**AIM OF THE EXERCISE:**
Your task is to print all of the entries exactly, though the pictures should not be included.

Records from a data collection:
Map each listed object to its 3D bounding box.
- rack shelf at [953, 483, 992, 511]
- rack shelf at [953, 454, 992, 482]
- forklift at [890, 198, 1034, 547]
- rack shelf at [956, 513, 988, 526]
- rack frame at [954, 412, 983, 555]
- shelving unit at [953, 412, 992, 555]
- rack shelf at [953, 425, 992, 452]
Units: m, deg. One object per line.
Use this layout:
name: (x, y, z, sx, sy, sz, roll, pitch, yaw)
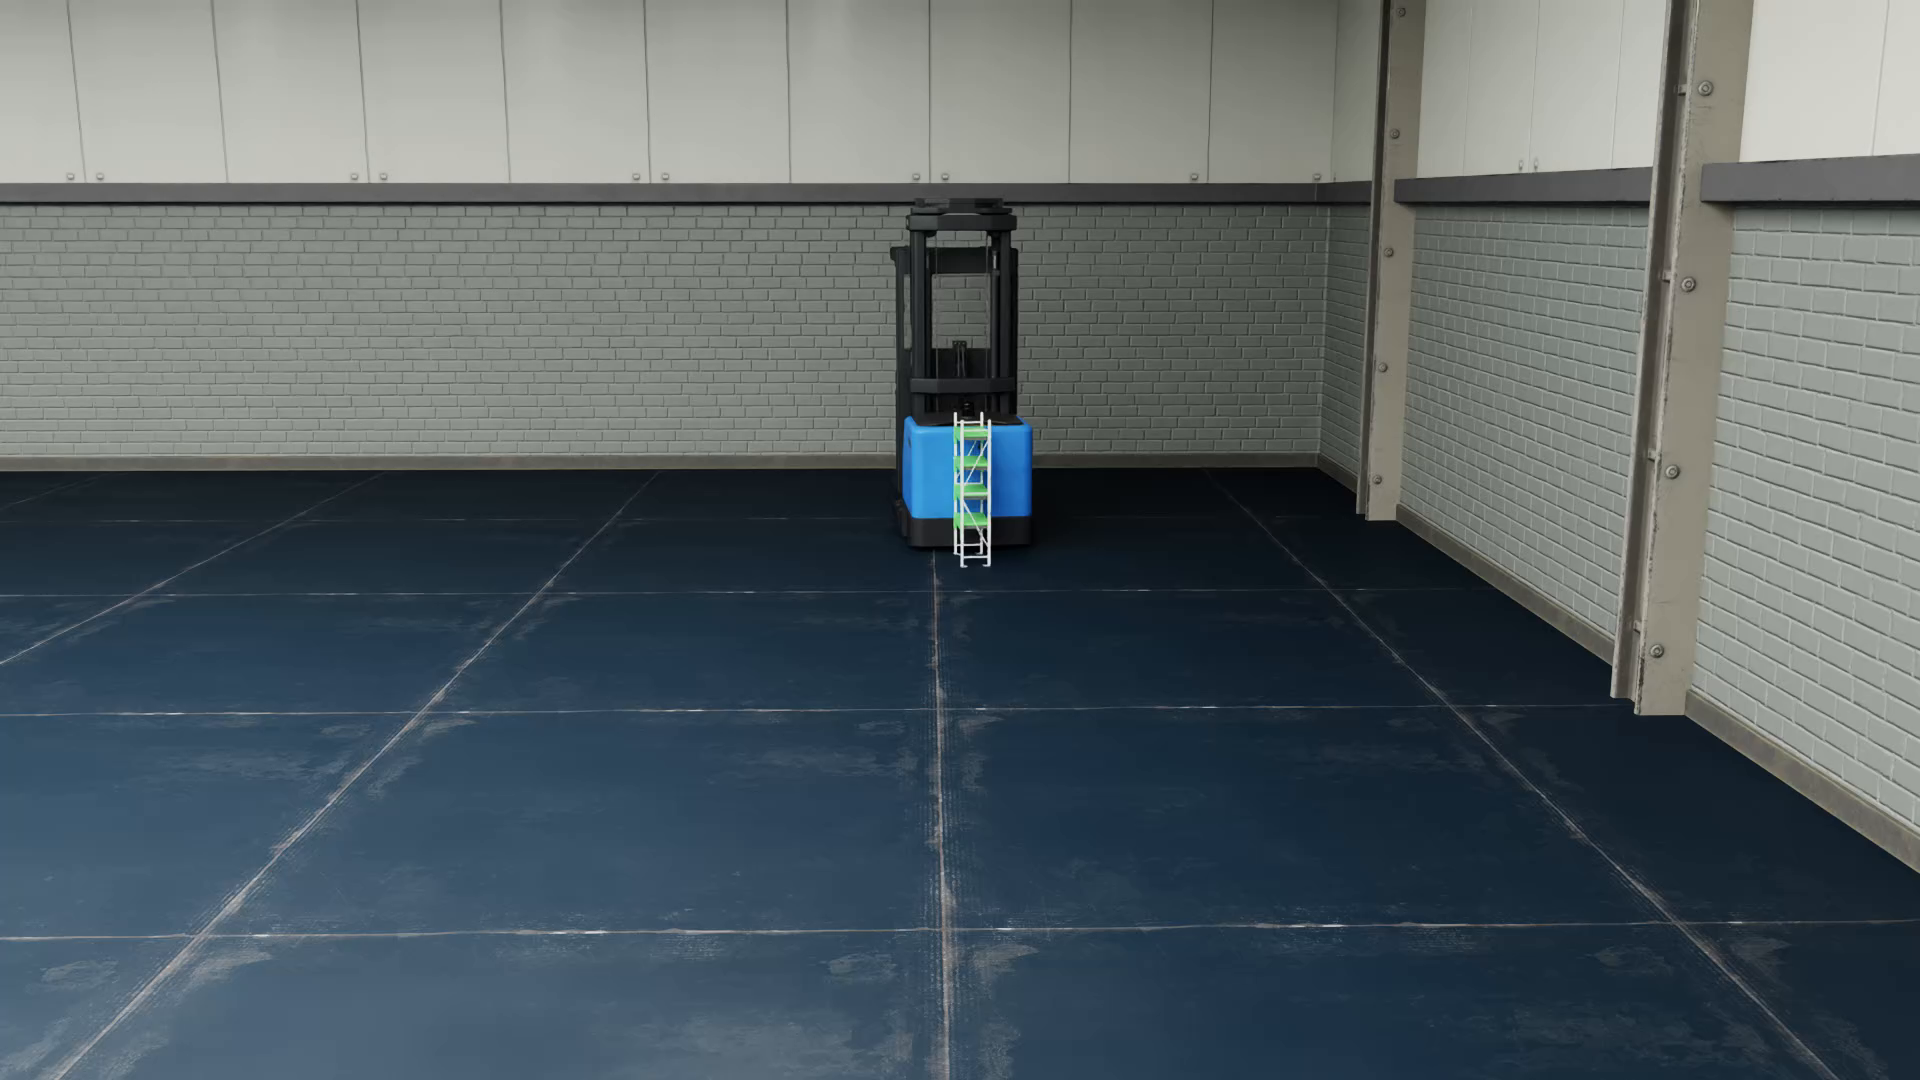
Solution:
rack shelf: (0.100, -0.354, 13.607, 0.258, 0.148, 0.480, -1, 12, -6)
rack shelf: (0.100, -0.589, 13.559, 0.258, 0.148, 0.480, -1, 12, -6)
forklift: (-0.056, -1.616, 15.154, 1.130, 2.935, 3.031, -1, 12, -6)
rack shelf: (0.100, -0.171, 13.644, 0.221, 0.021, 0.457, -1, 12, -6)
rack frame: (0.072, -0.465, 13.832, 0.240, 1.200, 0.015, -1, 12, -6)
shelving unit: (0.099, -0.418, 13.600, 0.258, 1.200, 0.492, -1, 12, -6)
rack shelf: (0.100, -0.824, 13.511, 0.258, 0.148, 0.480, -1, 12, -6)

**RESULT OF THE EXERCISE:**
Map each listed object to its 3D bounding box.
- rack shelf at [953, 483, 992, 511]
- rack shelf at [953, 454, 992, 482]
- forklift at [890, 198, 1034, 547]
- rack shelf at [956, 513, 988, 526]
- rack frame at [954, 412, 983, 555]
- shelving unit at [953, 412, 992, 555]
- rack shelf at [953, 425, 992, 452]
Units: m, deg. One object per line.
Use this layout:
name: (x, y, z, sx, sy, sz, roll, pitch, yaw)
Solution:
rack shelf: (0.100, -0.354, 13.607, 0.258, 0.148, 0.480, -1, 12, -6)
rack shelf: (0.100, -0.589, 13.559, 0.258, 0.148, 0.480, -1, 12, -6)
forklift: (-0.056, -1.616, 15.154, 1.130, 2.935, 3.031, -1, 12, -6)
rack shelf: (0.100, -0.171, 13.644, 0.221, 0.021, 0.457, -1, 12, -6)
rack frame: (0.072, -0.465, 13.832, 0.240, 1.200, 0.015, -1, 12, -6)
shelving unit: (0.099, -0.418, 13.600, 0.258, 1.200, 0.492, -1, 12, -6)
rack shelf: (0.100, -0.824, 13.511, 0.258, 0.148, 0.480, -1, 12, -6)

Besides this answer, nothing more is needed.